Alternative optimal solutions mainly occur due to the fact that part of the polyhedron is parallel to the objective function. In such cases, all points along the segment of the part parallel to the function obj will be affine transforms and will give the same value of the function obj.
In a practical situation the implications of this would be that when trying to solve a problem, say trying to calculate the maximum profit given the effort of making 10 different products and the total stress on labor work available in the factory. Suppose the problem has 10 decision variables and two constraints. Due to the degeneracy explained above, this can give an optimal solution of maximum profit of $10,000 for several combinations of the product line to be produced in the factory.
In such cases, it is very difficult to determine which production mix to choose as the optimal criterion because there are actually several values. The parallel part of the polyhedron or hyperplane edge that connects two planes of an n-dimensional polyhedron can be slightly disturbed by adjusting the constraints a bit.
The constraints of the linear programming model form the boundaries of the polyhedron or the polyhedron’s hyperplane. But simply changing the constraint, say, from 4*X + 5 * Y < 5 to 4*X + 5 * Y < 5.1, would cause the feasible region to change minimally, but would cease to produce alternative optimal solutions.

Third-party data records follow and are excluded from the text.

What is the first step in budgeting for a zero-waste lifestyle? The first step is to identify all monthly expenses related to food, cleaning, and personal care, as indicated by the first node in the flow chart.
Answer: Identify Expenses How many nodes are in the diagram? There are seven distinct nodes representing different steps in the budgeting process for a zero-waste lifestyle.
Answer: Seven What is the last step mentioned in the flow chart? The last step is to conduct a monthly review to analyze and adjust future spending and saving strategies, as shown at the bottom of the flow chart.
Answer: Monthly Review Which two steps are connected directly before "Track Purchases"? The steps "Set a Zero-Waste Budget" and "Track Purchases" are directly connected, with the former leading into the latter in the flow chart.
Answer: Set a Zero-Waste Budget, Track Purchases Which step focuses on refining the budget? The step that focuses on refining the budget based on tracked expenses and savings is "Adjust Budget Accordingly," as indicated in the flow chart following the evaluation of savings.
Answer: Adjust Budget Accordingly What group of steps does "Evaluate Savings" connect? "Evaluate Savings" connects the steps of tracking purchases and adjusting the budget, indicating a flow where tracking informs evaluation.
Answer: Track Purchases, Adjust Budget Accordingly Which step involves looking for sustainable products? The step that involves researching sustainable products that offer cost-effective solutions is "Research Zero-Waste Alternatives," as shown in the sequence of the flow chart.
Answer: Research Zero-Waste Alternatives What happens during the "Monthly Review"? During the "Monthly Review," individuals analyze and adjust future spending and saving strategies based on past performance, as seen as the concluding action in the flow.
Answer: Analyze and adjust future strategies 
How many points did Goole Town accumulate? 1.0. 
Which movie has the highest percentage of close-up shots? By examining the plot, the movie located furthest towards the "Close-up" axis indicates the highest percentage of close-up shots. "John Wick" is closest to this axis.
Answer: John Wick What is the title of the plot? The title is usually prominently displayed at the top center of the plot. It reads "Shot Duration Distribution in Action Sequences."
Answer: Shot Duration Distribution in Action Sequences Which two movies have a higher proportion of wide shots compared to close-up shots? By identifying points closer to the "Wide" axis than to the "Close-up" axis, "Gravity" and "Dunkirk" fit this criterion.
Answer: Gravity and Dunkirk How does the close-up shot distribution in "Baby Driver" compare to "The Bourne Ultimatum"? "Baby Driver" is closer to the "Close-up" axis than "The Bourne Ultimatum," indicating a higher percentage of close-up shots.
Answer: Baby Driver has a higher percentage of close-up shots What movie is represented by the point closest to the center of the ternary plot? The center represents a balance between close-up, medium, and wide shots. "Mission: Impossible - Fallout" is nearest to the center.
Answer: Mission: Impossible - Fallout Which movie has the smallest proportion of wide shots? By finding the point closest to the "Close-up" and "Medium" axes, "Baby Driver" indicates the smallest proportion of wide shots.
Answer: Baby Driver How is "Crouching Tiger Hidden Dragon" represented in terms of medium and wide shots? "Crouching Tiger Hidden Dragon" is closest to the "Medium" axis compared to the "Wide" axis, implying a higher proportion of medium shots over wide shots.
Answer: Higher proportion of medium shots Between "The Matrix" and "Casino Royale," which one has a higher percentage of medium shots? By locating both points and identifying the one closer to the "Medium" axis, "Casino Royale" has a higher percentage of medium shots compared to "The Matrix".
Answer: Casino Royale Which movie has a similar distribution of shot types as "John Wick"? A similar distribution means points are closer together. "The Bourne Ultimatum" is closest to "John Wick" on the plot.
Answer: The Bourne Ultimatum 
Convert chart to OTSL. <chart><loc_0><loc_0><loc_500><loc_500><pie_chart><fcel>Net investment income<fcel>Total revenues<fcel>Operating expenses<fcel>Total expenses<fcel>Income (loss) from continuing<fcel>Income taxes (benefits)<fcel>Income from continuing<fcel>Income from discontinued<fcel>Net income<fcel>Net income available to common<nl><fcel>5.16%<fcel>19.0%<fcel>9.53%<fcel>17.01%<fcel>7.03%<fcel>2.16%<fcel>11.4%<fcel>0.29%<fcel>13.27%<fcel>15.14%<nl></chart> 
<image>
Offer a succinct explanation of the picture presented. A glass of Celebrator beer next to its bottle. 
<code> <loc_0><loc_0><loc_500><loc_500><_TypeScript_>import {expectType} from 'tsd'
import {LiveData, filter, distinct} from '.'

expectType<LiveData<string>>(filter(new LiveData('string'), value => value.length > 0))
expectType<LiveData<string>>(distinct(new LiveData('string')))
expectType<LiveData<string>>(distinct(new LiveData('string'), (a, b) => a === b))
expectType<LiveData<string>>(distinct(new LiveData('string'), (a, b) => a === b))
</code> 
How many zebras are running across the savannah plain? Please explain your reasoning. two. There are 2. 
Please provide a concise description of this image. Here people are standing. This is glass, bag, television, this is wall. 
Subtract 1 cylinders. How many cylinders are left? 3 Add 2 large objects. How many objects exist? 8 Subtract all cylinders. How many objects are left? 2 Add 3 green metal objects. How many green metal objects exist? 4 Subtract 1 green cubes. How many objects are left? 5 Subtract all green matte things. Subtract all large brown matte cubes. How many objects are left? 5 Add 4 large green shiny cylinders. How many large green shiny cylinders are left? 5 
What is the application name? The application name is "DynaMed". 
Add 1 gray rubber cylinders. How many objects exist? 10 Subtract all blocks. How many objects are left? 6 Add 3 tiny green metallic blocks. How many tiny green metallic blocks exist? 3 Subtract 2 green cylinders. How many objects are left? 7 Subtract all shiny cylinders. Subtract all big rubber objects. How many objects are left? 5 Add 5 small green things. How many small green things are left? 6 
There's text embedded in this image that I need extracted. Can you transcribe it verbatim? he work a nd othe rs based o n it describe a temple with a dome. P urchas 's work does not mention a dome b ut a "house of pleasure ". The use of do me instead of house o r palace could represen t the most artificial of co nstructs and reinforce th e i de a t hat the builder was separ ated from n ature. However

In the same context, we can also discuss what forms a feasible convex set and why linear programming problems require the constraint set to be a convex one. The optimal solution of a linear programming formulation is found by traversing the set of constraints from vertex to vertex. So why doesn’t an optimal solution fall somewhere on an edge that connects two vertices, but only on the vertex?. Indeed, the feasible set can be visualized as the boundary imposed by constraints. Constraints in a linear programming model would result in a polyhedron/polytope. When the latter is convex, this means that any point connecting the two vertices is not inside and that the extreme solution of the objective function will therefore necessarily be on the vertex.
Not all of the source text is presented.